__THE TASK__: Beneath this task are the entries; from the line with "1. name: x y z sx sy sz roll pitch yaw" through the last one, transcribe every line exactly and nothing else, skipping pictures.

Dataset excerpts
----------

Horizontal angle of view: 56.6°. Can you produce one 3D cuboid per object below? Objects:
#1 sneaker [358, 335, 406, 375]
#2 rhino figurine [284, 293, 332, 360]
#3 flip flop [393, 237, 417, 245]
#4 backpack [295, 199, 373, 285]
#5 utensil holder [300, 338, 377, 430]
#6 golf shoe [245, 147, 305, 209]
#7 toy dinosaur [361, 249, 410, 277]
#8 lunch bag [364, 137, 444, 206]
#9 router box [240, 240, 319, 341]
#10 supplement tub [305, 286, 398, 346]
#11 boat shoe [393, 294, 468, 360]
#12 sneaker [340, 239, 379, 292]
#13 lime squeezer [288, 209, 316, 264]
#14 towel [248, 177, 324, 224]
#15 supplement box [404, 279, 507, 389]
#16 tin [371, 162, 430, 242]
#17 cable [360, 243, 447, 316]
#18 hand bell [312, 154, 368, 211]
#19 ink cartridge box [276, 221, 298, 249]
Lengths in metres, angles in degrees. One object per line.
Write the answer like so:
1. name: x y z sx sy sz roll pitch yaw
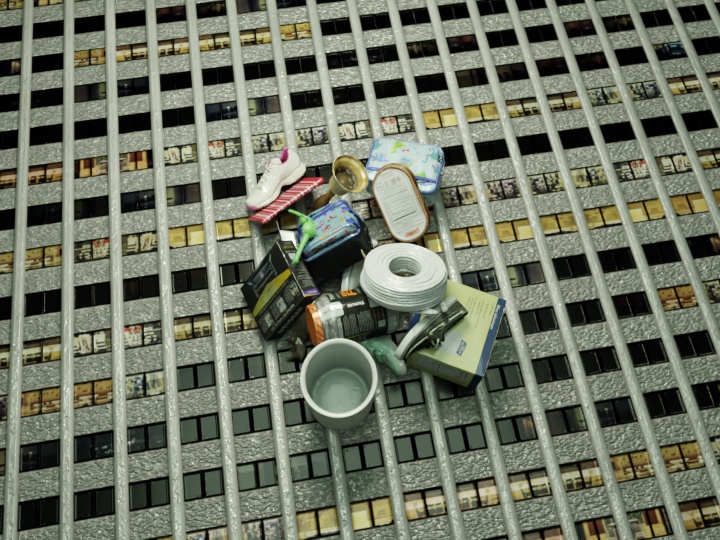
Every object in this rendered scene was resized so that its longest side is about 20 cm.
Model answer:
1. sneaker: 0.018 0.199 1.601 0.117 0.074 0.201 -31 55 -18
2. rhino figurine: -0.114 0.141 1.633 0.087 0.060 0.200 44 90 5
3. flip flop: 0.108 -0.040 1.724 0.080 0.058 0.202 8 52 -2
4. backpack: -0.072 -0.094 1.666 0.181 0.135 0.201 -26 40 9
5. utensil holder: -0.048 0.266 1.514 0.167 0.201 0.172 1 67 -1
6. golf shoe: -0.237 -0.245 1.775 0.200 0.092 0.075 -46 42 -20
7. toy dinosaur: 0.080 0.010 1.632 0.197 0.058 0.103 9 76 -20
8. lunch bag: 0.113 -0.252 1.718 0.197 0.083 0.162 14 61 10
9. router box: -0.197 0.050 1.609 0.052 0.200 0.159 -7 60 -45
10. supplement tub: -0.021 0.106 1.545 0.197 0.123 0.124 -13 68 -17
11. boat shoe: 0.160 0.138 1.495 0.200 0.071 0.064 -41 72 -16
12. sneaker: 0.000 0.000 1.692 0.070 0.073 0.202 11 67 11
13. lime squeezer: -0.135 -0.098 1.588 0.037 0.071 0.201 24 33 -29
14. towel: -0.192 -0.182 1.741 0.199 0.144 0.023 -38 108 -15
15. supplement box: 0.218 0.147 1.601 0.197 0.135 0.202 20 69 8
16. tin: 0.099 -0.165 1.650 0.111 0.042 0.202 -21 100 21
17. cable: 0.098 0.013 1.511 0.197 0.070 0.201 3 36 -2
18. hand bell: -0.074 -0.201 1.716 0.103 0.200 0.106 15 61 -28
19. ink cartridge box: -0.167 -0.022 1.686 0.039 0.100 0.202 -16 70 -7

----------

__ANSWER SPACE__:
1. name: x y z sx sy sz roll pitch yaw
Every object in this rendered scene was resized so that its longest side is about 20 cm.
Model answer:
1. sneaker: 0.018 0.199 1.601 0.117 0.074 0.201 -31 55 -18
2. rhino figurine: -0.114 0.141 1.633 0.087 0.060 0.200 44 90 5
3. flip flop: 0.108 -0.040 1.724 0.080 0.058 0.202 8 52 -2
4. backpack: -0.072 -0.094 1.666 0.181 0.135 0.201 -26 40 9
5. utensil holder: -0.048 0.266 1.514 0.167 0.201 0.172 1 67 -1
6. golf shoe: -0.237 -0.245 1.775 0.200 0.092 0.075 -46 42 -20
7. toy dinosaur: 0.080 0.010 1.632 0.197 0.058 0.103 9 76 -20
8. lunch bag: 0.113 -0.252 1.718 0.197 0.083 0.162 14 61 10
9. router box: -0.197 0.050 1.609 0.052 0.200 0.159 -7 60 -45
10. supplement tub: -0.021 0.106 1.545 0.197 0.123 0.124 -13 68 -17
11. boat shoe: 0.160 0.138 1.495 0.200 0.071 0.064 -41 72 -16
12. sneaker: 0.000 0.000 1.692 0.070 0.073 0.202 11 67 11
13. lime squeezer: -0.135 -0.098 1.588 0.037 0.071 0.201 24 33 -29
14. towel: -0.192 -0.182 1.741 0.199 0.144 0.023 -38 108 -15
15. supplement box: 0.218 0.147 1.601 0.197 0.135 0.202 20 69 8
16. tin: 0.099 -0.165 1.650 0.111 0.042 0.202 -21 100 21
17. cable: 0.098 0.013 1.511 0.197 0.070 0.201 3 36 -2
18. hand bell: -0.074 -0.201 1.716 0.103 0.200 0.106 15 61 -28
19. ink cartridge box: -0.167 -0.022 1.686 0.039 0.100 0.202 -16 70 -7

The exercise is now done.